Start of Excerpted records
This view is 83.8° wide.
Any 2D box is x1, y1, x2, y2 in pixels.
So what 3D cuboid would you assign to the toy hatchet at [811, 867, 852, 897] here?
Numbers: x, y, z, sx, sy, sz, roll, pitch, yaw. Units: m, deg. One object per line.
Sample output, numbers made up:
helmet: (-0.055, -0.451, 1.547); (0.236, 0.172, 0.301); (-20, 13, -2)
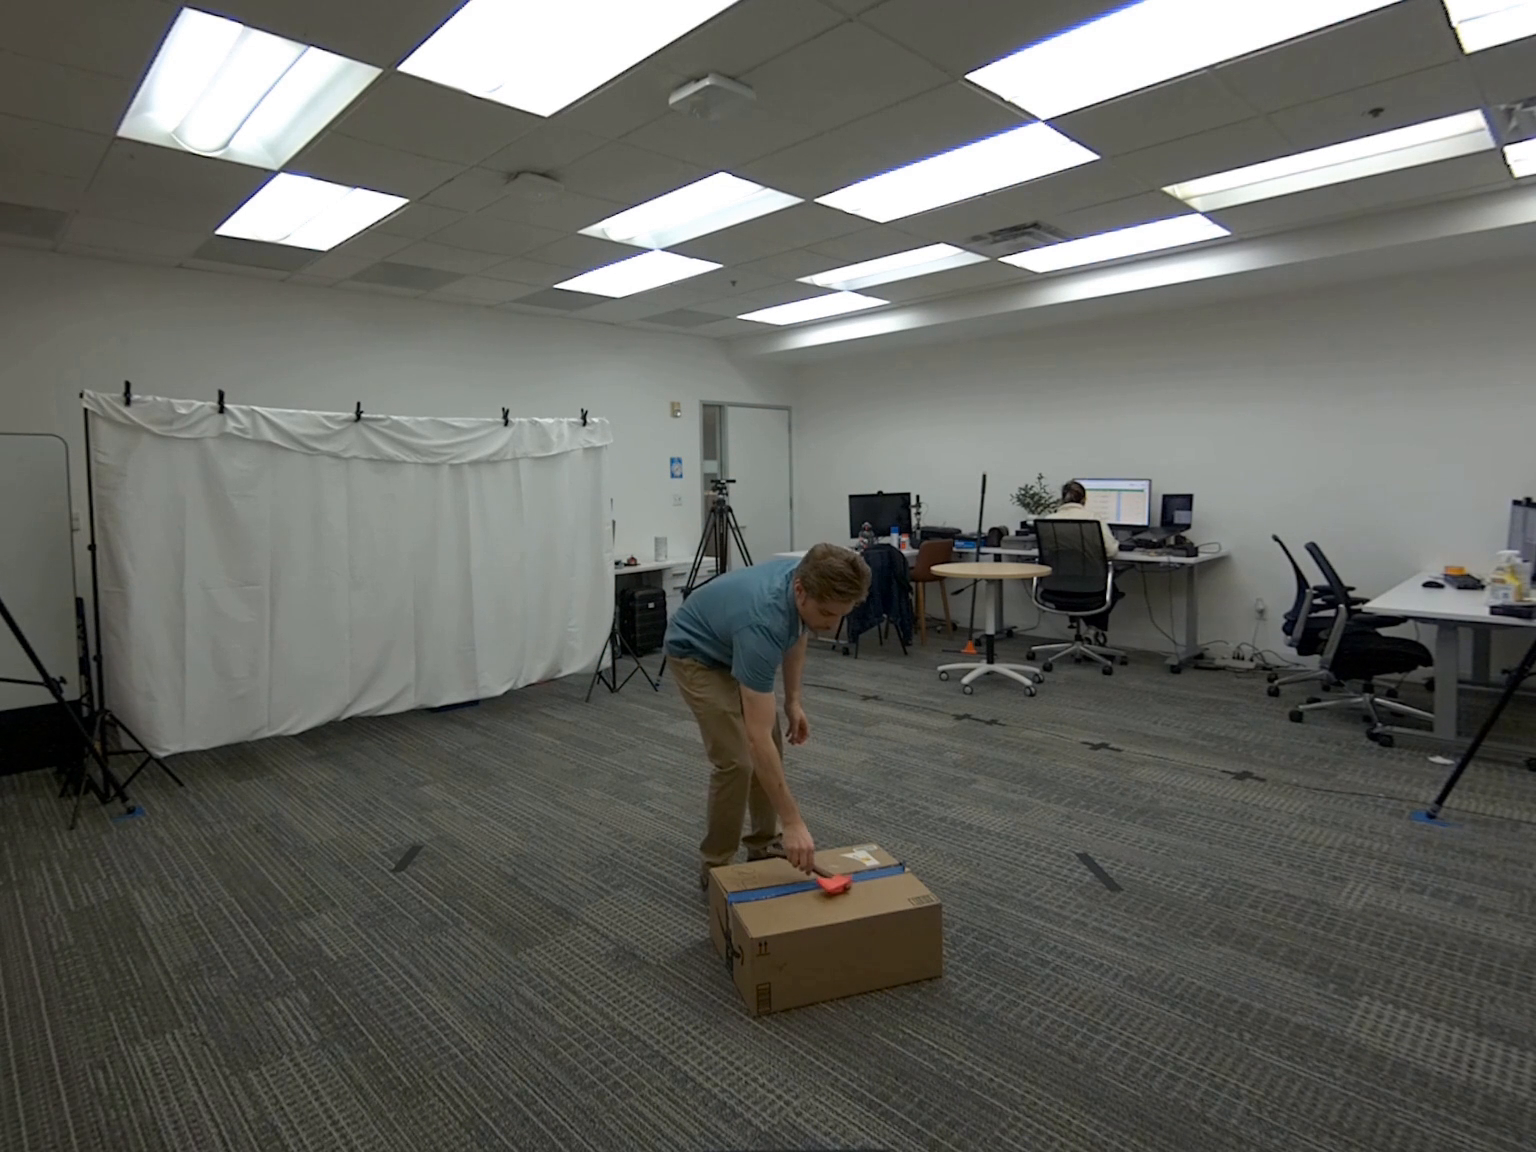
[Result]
End of Excerpted records
## Task item
Write out the entries above verbatim; the pictures do not belong in your copy.

## Answer section
This view is 83.8° wide.
Any 2D box is x1, y1, x2, y2 in pixels.
So what 3D cuboid would you assign to the toy hatchet at [811, 867, 852, 897] here?
Numbers: x, y, z, sx, sy, sz, roll, pitch, yaw. Units: m, deg. One object per line.
Sample output, numbers made up:
helmet: (-0.055, -0.451, 1.547); (0.236, 0.172, 0.301); (-20, 13, -2)
[Result]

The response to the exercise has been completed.